E o quanto a sua formação na escola e na faculdade foram importantes para tudo isso?

Matheus – Eu sempre fui alguém que buscou fazer as coisas aconteceram, fosse na escola, na faculdade, nos projetos em que me envolvi. Mas sei que tudo isso foi um reflexo da educação que tive em casa. Minha família é a minha base, minha inspiração mesmo, e sempre apoiou a mim e aos meus irmãos no trabalho com a música. Sempre foram incentivadores.

Depois da Escola de Música, Matheus agora articula projeto de fotografia no Haiti

Você tem mais projetos de empreendedorismo para o Haiti?

Matheus – Tenho, sim. Estou envolvido agora na estruturação de um projeto de fotografia que deve ser realizado em parceria com uma grande empresa de equipamentos dessa área. Se por meio do clipe “Revolução do Amor” foi possível mostrar a voz dos haitianos ao mundo, agora busco mostrar o Haiti pelos olhos deles mesmos. A ideia é capacitar crianças e jovens lá mesmo para fotografarem o país. Depois, realizar mostras e exposições com essas imagens em outros países, vendê-las e gerar renda para eles.

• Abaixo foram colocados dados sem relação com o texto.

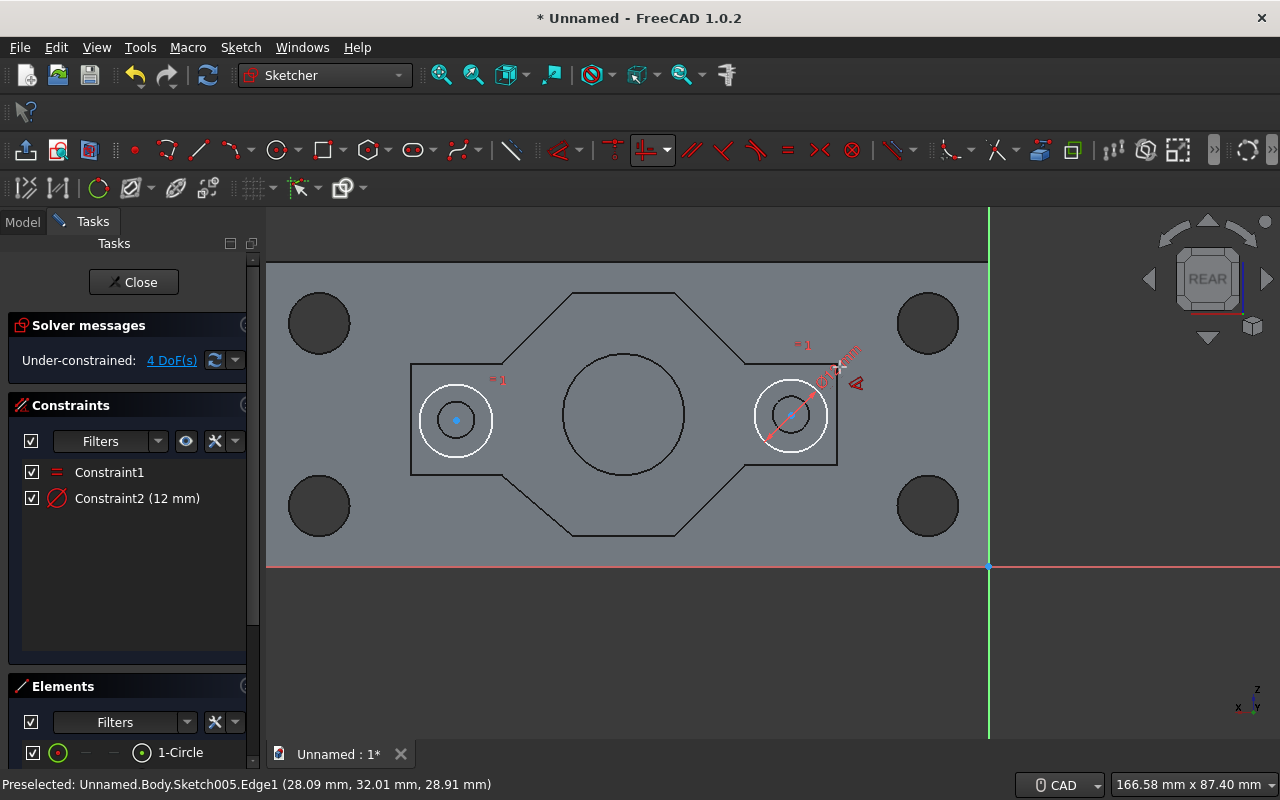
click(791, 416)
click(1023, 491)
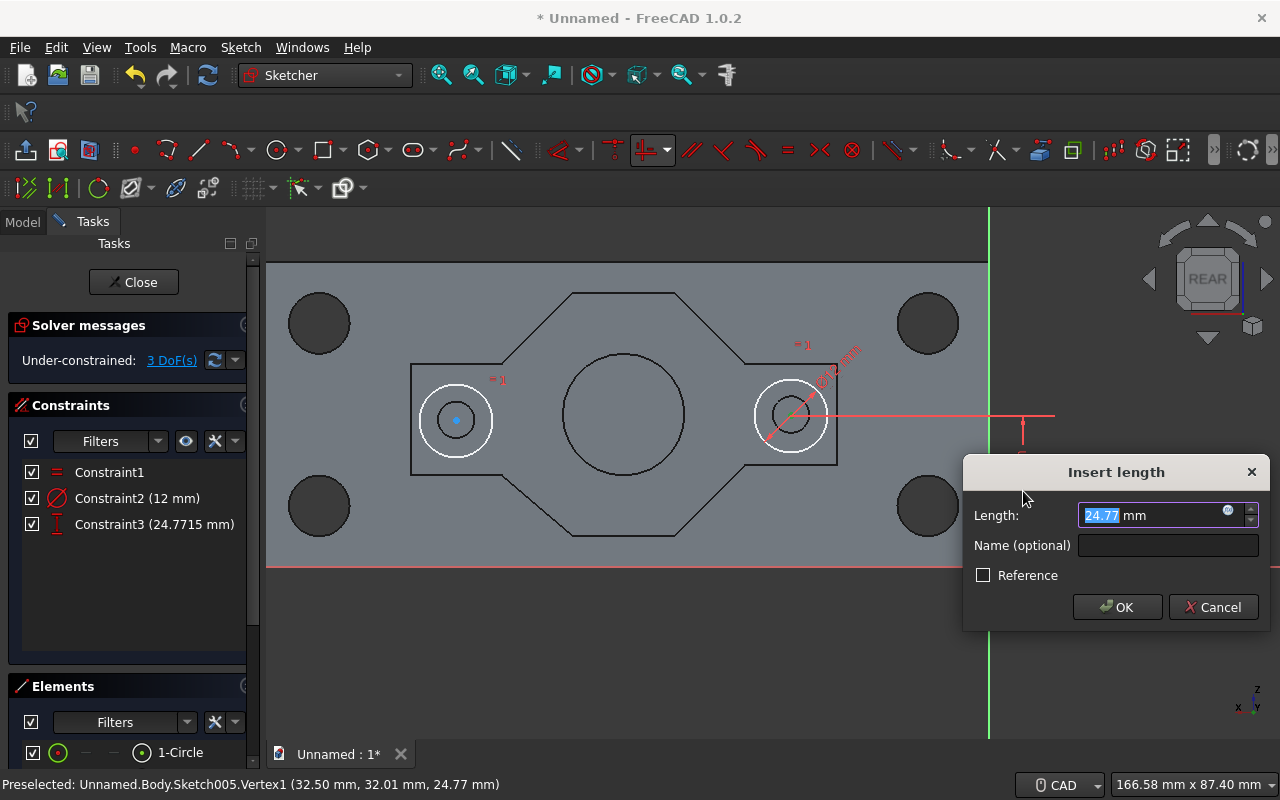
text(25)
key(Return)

Além-Haiti, como você segue a sua busca pela formação educacional, pelo crescimento profissional?

Matheus – Eu realmente tenho muito a agradecer, pois somente coisas boas vêm acontecendo na minha vida. No ano passado, a seleção para o encontro do GlobalChangemakers na America Latina foi sensacional e rendeu frutos. Eu fui para o evento seguinte, em Londres, como convidado, para auxiliar na organização. Nunca acontece isso, de uma mesma pessoa ser convidada para dois eventos seguidos. Agora estou vivendo a expectativa do Fórum Econômico Mundial, no Rio de Janeiro, onde vou representar os globalchangemakers. Além disso, no segundo semestre, começo uma pós-graduação em desenvolvimento internacional na London Schoolof Economics and Political Science. E eu pensei que era isso, que já estava ótimo [risos]. Mas esta semana recebi a confirmação de um convite para a Conferência Zeitgeist, promovida pelo Google. É uma conferência com nomes como Bill Clinton, Rainha Rania, Stephen Hawking. Estarei lá como um dos 12 participantes do Young Minds e muito feliz com mais essa oportunidade!